4. An 18-year-old male patient informs the nurse that he isn't sure if he is homosexual because he is attracted to both genders. The nurse establishes a trusting relationship with the patient by saying:
- A. Don't worry. It's just a phase you will grow out of.
- B. Those are abnormal impulses. You should seek therapy.
- C. At your age, it is normal to be curious about both genders.
- D. Having questions about sexuality is normal. Have you noticed any changes in the way this makes you feel about yourself?
Correct answer: C
Rationale: It is important for the nurse to validate the patient's concerns and provide a supportive environment. By acknowledging that it is normal for young adults to have questions about sexuality, the nurse helps the patient feel understood and accepted. This response encourages further discussion and exploration of the patient's feelings without judgment. Choice A dismisses the patient's concerns and implies that his feelings are not valid. Choice B stigmatizes the patient's feelings by labeling them as abnormal and suggests therapy without proper assessment. Choice D addresses the patient's feelings but lacks the validation and reassurance present in the correct answer, which is essential in building a trusting relationship with the patient.
5. A nurse is required to float to another unit within the hospital where he is asked to care for a client on a ventilator. The nurse is uncomfortable with this assignment, as he has not had a ventilated client since nursing school. What is the nurse's most appropriate response?

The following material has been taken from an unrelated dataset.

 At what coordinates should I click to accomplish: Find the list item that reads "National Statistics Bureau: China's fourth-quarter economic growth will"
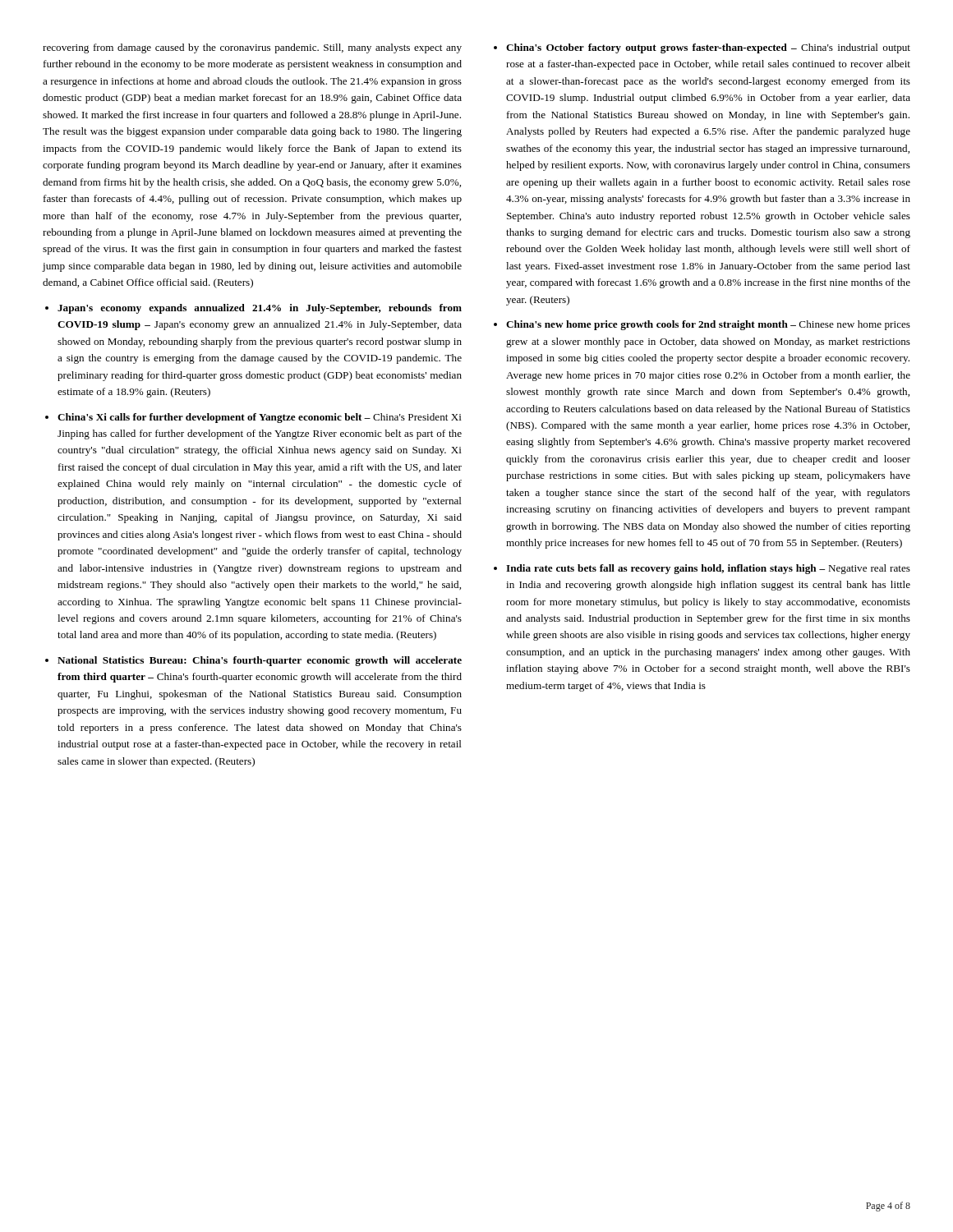click(260, 710)

- A. Explain to the nursing supervisor the level of discomfort and ask for a different assignment
- B. State that the client's needs are outside the nurse's scope of practice and request a different assignment
- C. Accept the assignment, asking for help when necessary
- D. Request to return to the home unit and send another nurse who can perform the job
Correct answer: A
Rationale: When floating to another unit and asked to take an assignment that falls outside a nurse's comfort zone, the nurse should notify the area supervisor of the level of discomfort and request a different assignment. Caring for ventilated clients typically falls within the scope of nursing practice; however, discomfort with the situation may not necessarily be overcome by accepting the assignment. Alternatively, the effects could be harmful to the client if the nurse is unfamiliar with this type of care. Requesting a different assignment is the most appropriate response in this situation, ensuring patient safety and the nurse's comfort level. Stating that the client's needs are outside the nurse's scope of practice (Choice B) may not be accurate, as caring for ventilated clients usually falls within the scope of nursing practice. Accepting the assignment (Choice C) without addressing the discomfort may compromise patient safety. Requesting to return to the home unit (Choice D) does not address the immediate need of caring for the ventilated client and may delay appropriate care.